*** Records supplied

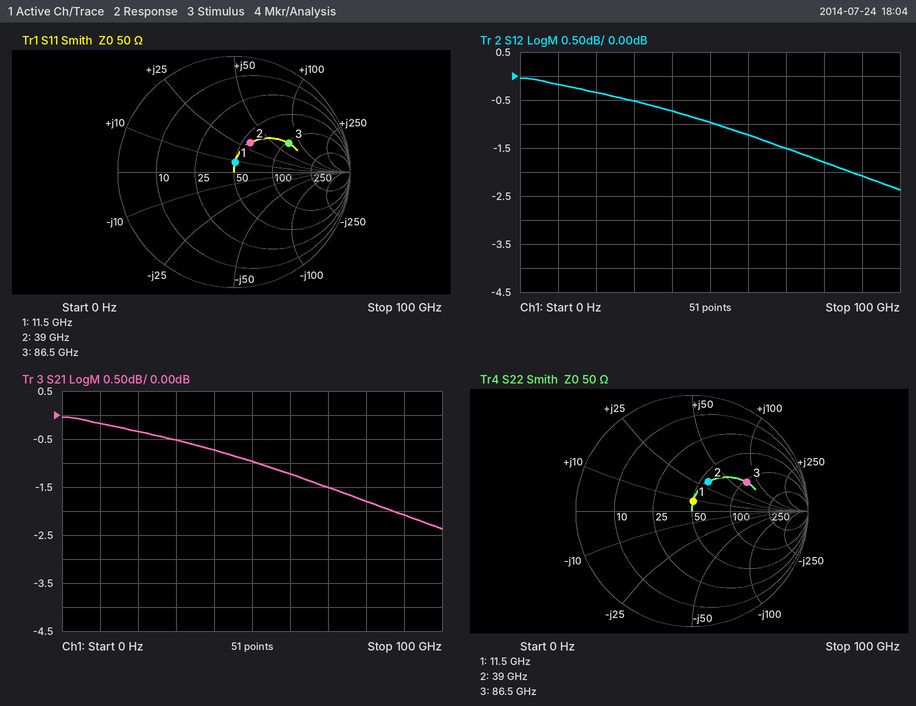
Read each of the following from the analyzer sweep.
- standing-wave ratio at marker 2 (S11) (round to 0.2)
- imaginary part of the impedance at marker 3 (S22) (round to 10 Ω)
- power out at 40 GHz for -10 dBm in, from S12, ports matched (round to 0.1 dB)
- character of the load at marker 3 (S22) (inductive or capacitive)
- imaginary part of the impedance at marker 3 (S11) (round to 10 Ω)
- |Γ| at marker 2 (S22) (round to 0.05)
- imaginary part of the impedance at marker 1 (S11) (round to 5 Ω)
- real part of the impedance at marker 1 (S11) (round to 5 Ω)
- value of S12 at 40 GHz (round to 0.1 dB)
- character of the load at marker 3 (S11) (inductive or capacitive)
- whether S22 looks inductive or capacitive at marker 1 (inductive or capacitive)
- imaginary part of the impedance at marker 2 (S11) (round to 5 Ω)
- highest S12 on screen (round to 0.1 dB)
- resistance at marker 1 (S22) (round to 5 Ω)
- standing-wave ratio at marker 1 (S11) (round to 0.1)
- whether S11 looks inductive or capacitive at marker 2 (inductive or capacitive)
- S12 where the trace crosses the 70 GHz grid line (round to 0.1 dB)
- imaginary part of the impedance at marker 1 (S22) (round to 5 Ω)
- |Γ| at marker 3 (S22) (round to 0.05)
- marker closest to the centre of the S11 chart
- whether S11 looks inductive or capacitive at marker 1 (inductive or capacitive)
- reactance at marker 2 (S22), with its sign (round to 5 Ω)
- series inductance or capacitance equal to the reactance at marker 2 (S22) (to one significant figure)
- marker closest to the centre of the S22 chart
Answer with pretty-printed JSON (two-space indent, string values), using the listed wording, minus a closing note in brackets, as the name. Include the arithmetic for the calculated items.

{
  "standing-wave ratio at marker 2 (S11)": "1.8",
  "imaginary part of the impedance at marker 3 (S22)": "+70 Ω",
  "power out at 40 GHz for -10 dBm in, from S12, ports matched": "-10 dBm + (-0.7 dB) = -10.7 dBm",
  "character of the load at marker 3 (S22)": "inductive",
  "imaginary part of the impedance at marker 3 (S11)": "+70 Ω",
  "|Γ| at marker 2 (S22)": "0.30",
  "imaginary part of the impedance at marker 1 (S11)": "+10 Ω",
  "real part of the impedance at marker 1 (S11)": "50 Ω",
  "value of S12 at 40 GHz": "-0.7 dB",
  "character of the load at marker 3 (S11)": "inductive",
  "whether S22 looks inductive or capacitive at marker 1": "inductive",
  "imaginary part of the impedance at marker 2 (S11)": "+30 Ω",
  "highest S12 on screen": "0.0 dB",
  "resistance at marker 1 (S22)": "50 Ω",
  "standing-wave ratio at marker 1 (S11)": "1.2",
  "whether S11 looks inductive or capacitive at marker 2": "inductive",
  "S12 where the trace crosses the 70 GHz grid line": "-1.5 dB",
  "imaginary part of the impedance at marker 1 (S22)": "+10 Ω",
  "|Γ| at marker 3 (S22)": "0.55",
  "marker closest to the centre of the S11 chart": "marker 1",
  "whether S11 looks inductive or capacitive at marker 1": "inductive",
  "reactance at marker 2 (S22), with its sign": "+30 Ω",
  "series inductance or capacitance equal to the reactance at marker 2 (S22)": "L = 30 Ω/(2π × 39 GHz) ≈ 122 pH, so 100 pH to one significant figure",
  "marker closest to the centre of the S22 chart": "marker 1"
}
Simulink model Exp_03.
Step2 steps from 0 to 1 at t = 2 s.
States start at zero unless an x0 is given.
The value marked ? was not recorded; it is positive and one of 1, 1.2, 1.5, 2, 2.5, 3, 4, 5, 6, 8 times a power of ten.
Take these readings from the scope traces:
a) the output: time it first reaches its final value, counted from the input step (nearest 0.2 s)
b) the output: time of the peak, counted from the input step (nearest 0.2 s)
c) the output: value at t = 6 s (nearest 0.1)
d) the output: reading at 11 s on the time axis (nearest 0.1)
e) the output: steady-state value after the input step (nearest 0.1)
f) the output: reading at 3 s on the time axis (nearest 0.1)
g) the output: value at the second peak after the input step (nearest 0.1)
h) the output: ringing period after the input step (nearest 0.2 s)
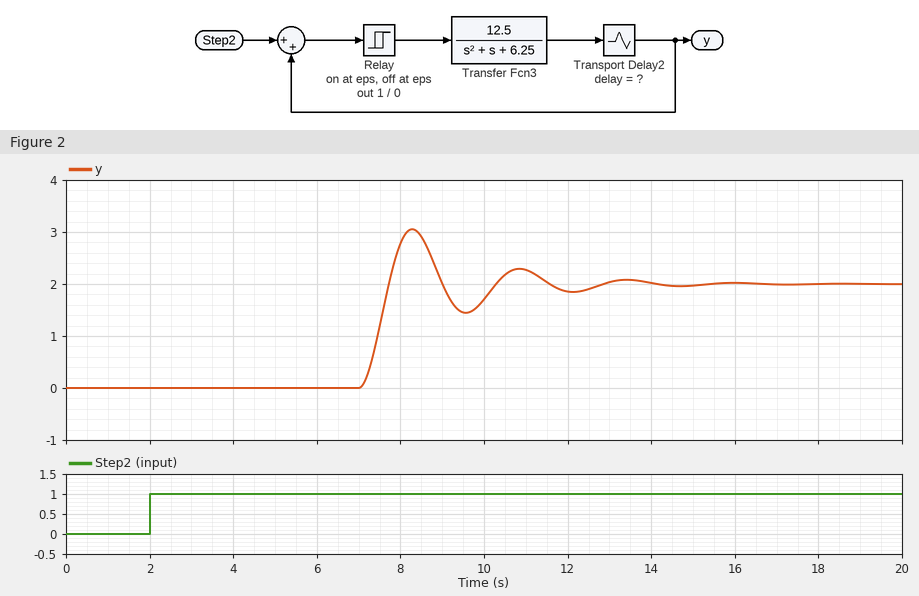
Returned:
5.8 s
6.2 s
0.0
2.3
2.0
0.0
2.3
2.6 s
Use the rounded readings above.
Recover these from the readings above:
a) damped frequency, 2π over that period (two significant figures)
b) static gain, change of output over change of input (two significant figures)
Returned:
2.4 rad/s
2.0
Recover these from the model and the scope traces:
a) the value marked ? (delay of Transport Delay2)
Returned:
5
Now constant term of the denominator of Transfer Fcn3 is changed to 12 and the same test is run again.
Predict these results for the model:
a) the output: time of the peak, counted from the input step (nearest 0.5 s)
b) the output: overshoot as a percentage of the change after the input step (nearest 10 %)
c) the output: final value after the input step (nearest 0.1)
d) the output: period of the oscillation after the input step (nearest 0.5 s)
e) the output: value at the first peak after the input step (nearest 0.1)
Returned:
6.0 s
60 %
1.0
2.0 s
1.7
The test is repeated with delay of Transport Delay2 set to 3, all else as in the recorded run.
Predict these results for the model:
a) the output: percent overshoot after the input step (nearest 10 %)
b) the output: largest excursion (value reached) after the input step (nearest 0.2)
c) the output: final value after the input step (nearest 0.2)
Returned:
50 %
3.0
2.0
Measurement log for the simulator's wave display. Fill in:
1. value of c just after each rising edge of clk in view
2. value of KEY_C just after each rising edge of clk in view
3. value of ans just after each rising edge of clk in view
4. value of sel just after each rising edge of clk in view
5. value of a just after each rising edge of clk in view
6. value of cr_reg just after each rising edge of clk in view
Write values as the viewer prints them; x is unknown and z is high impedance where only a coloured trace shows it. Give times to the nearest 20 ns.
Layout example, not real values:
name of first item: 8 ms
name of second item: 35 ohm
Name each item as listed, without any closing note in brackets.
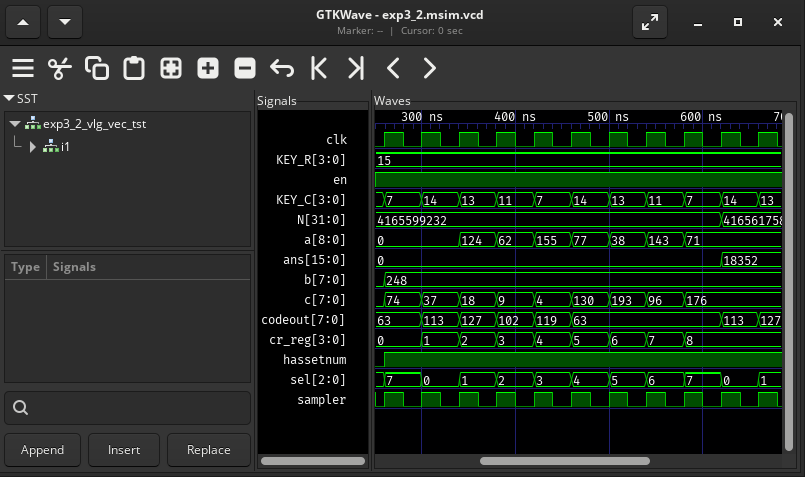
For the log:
value of c just after each rising edge of clk in view: 74, 37, 18, 9, 4, 130, 193, 96, 176, 176, 176
value of KEY_C just after each rising edge of clk in view: 7, 14, 13, 11, 7, 14, 13, 11, 7, 14, 13
value of ans just after each rising edge of clk in view: 0, 0, 0, 0, 0, 0, 0, 0, 0, 18352, 18352
value of sel just after each rising edge of clk in view: 7, 0, 1, 2, 3, 4, 5, 6, 7, 0, 1
value of a just after each rising edge of clk in view: 0, 0, 124, 62, 155, 77, 38, 143, 71, 71, 71
value of cr_reg just after each rising edge of clk in view: 0, 1, 2, 3, 4, 5, 6, 7, 8, 8, 8
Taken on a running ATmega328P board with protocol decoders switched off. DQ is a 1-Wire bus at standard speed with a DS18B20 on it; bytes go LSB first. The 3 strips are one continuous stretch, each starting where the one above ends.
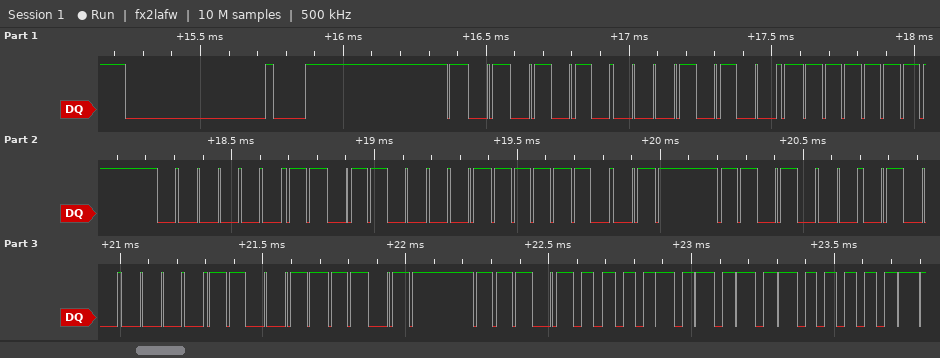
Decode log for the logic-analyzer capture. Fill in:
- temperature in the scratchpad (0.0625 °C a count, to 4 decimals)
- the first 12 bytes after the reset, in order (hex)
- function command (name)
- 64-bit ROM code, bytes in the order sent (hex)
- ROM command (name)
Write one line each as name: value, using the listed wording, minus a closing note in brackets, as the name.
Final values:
temperature in the scratchpad: 85.0000 °C
the first 12 bytes after the reset, in order: 55 28 FF C0 86 9F 17 02 F3 BE 50 05
function command: Read Scratchpad
64-bit ROM code, bytes in the order sent: 28 FF C0 86 9F 17 02 F3
ROM command: Match ROM
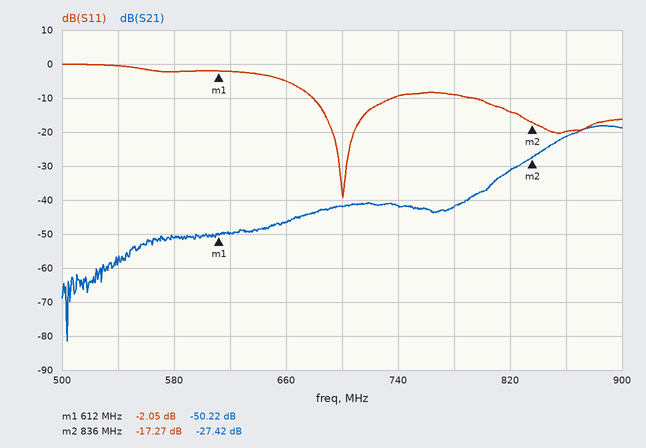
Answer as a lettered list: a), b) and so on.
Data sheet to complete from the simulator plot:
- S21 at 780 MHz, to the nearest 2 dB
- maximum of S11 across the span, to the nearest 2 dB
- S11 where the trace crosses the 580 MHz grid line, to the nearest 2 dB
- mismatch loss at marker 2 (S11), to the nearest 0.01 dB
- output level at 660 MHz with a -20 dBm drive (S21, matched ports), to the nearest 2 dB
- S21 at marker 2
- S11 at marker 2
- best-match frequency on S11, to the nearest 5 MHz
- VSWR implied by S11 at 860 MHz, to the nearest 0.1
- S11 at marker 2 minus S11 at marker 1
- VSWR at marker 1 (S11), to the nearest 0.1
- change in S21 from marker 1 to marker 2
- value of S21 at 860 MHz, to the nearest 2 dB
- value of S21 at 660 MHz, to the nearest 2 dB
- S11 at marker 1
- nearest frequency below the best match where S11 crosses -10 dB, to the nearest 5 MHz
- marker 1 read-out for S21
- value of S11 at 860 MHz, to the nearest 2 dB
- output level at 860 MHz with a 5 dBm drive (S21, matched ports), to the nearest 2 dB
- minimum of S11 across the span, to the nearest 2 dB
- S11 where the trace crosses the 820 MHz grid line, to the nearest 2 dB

a) -42 dB
b) 0 dB
c) -2 dB
d) 0.08 dB
e) -66 dBm
f) -27.42 dB
g) -17.27 dB
h) 700 MHz
i) 1.2
j) -15.22 dB
k) 8.5
l) 22.80 dB
m) -22 dB
n) -46 dB
o) -2.05 dB
p) 680 MHz
q) -50.22 dB
r) -20 dB
s) -16 dBm
t) -40 dB
u) -14 dB
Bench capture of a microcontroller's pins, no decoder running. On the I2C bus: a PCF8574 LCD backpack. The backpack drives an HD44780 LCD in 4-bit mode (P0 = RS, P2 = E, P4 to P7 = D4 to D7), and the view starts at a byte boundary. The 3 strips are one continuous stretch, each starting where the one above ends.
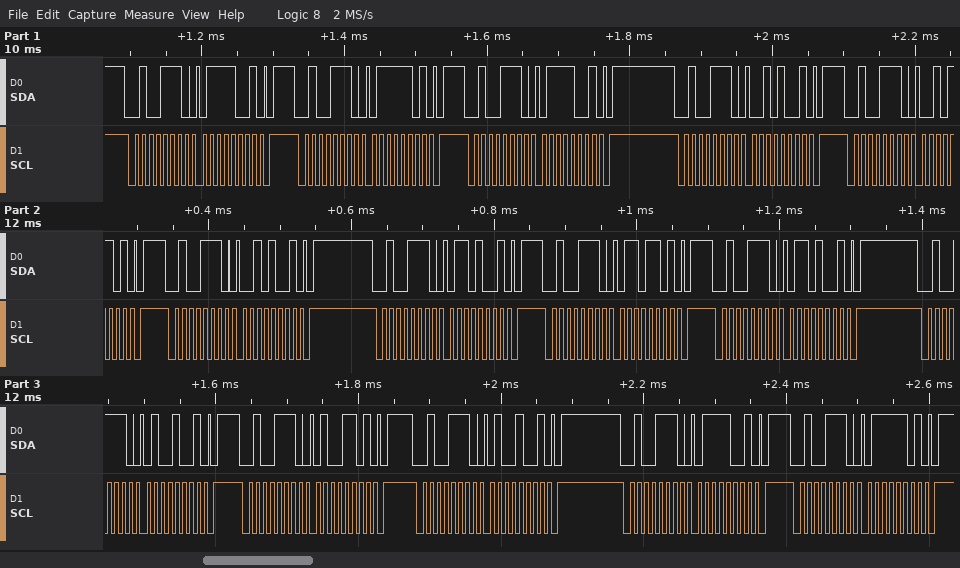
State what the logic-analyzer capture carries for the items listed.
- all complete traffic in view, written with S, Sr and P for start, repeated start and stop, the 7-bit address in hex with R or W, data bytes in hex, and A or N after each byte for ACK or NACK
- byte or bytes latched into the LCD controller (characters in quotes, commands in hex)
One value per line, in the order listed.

******

Task statement> Exactly the lines from the line with "- mismatch loss" through the end of the data are to be reproduced, and no picture is to be included.

Worked solution>
- mismatch loss at marker 2 (S11), to the nearest 0.01 dB
- output level at 660 MHz with a -20 dBm drive (S21, matched ports), to the nearest 2 dB
- S21 at marker 2
- S11 at marker 2
- best-match frequency on S11, to the nearest 5 MHz
- VSWR implied by S11 at 860 MHz, to the nearest 0.1
- S11 at marker 2 minus S11 at marker 1
- VSWR at marker 1 (S11), to the nearest 0.1
- change in S21 from marker 1 to marker 2
- value of S21 at 860 MHz, to the nearest 2 dB
- value of S21 at 660 MHz, to the nearest 2 dB
- S11 at marker 1
- nearest frequency below the best match where S11 crosses -10 dB, to the nearest 5 MHz
- marker 1 read-out for S21
- value of S11 at 860 MHz, to the nearest 2 dB
- output level at 860 MHz with a 5 dBm drive (S21, matched ports), to the nearest 2 dB
- minimum of S11 across the span, to the nearest 2 dB
- S11 where the trace crosses the 820 MHz grid line, to the nearest 2 dB

a) -42 dB
b) 0 dB
c) -2 dB
d) 0.08 dB
e) -66 dBm
f) -27.42 dB
g) -17.27 dB
h) 700 MHz
i) 1.2
j) -15.22 dB
k) 8.5
l) 22.80 dB
m) -22 dB
n) -46 dB
o) -2.05 dB
p) 680 MHz
q) -50.22 dB
r) -20 dB
s) -16 dBm
t) -40 dB
u) -14 dB
Bench capture of a microcontroller's pins, no decoder running. On the I2C bus: a PCF8574 LCD backpack. The backpack drives an HD44780 LCD in 4-bit mode (P0 = RS, P2 = E, P4 to P7 = D4 to D7), and the view starts at a byte boundary. The 3 strips are one continuous stretch, each starting where the one above ends.
State what the logic-analyzer capture carries for the items listed.
- all complete traffic in view, written with S, Sr and P for start, repeated start and stop, the 7-bit address in hex with R or W, data bytes in hex, and A or N after each byte for ACK or NACK
- byte or bytes latched into the LCD controller (characters in quotes, commands in hex)
One value per line, in the order listed.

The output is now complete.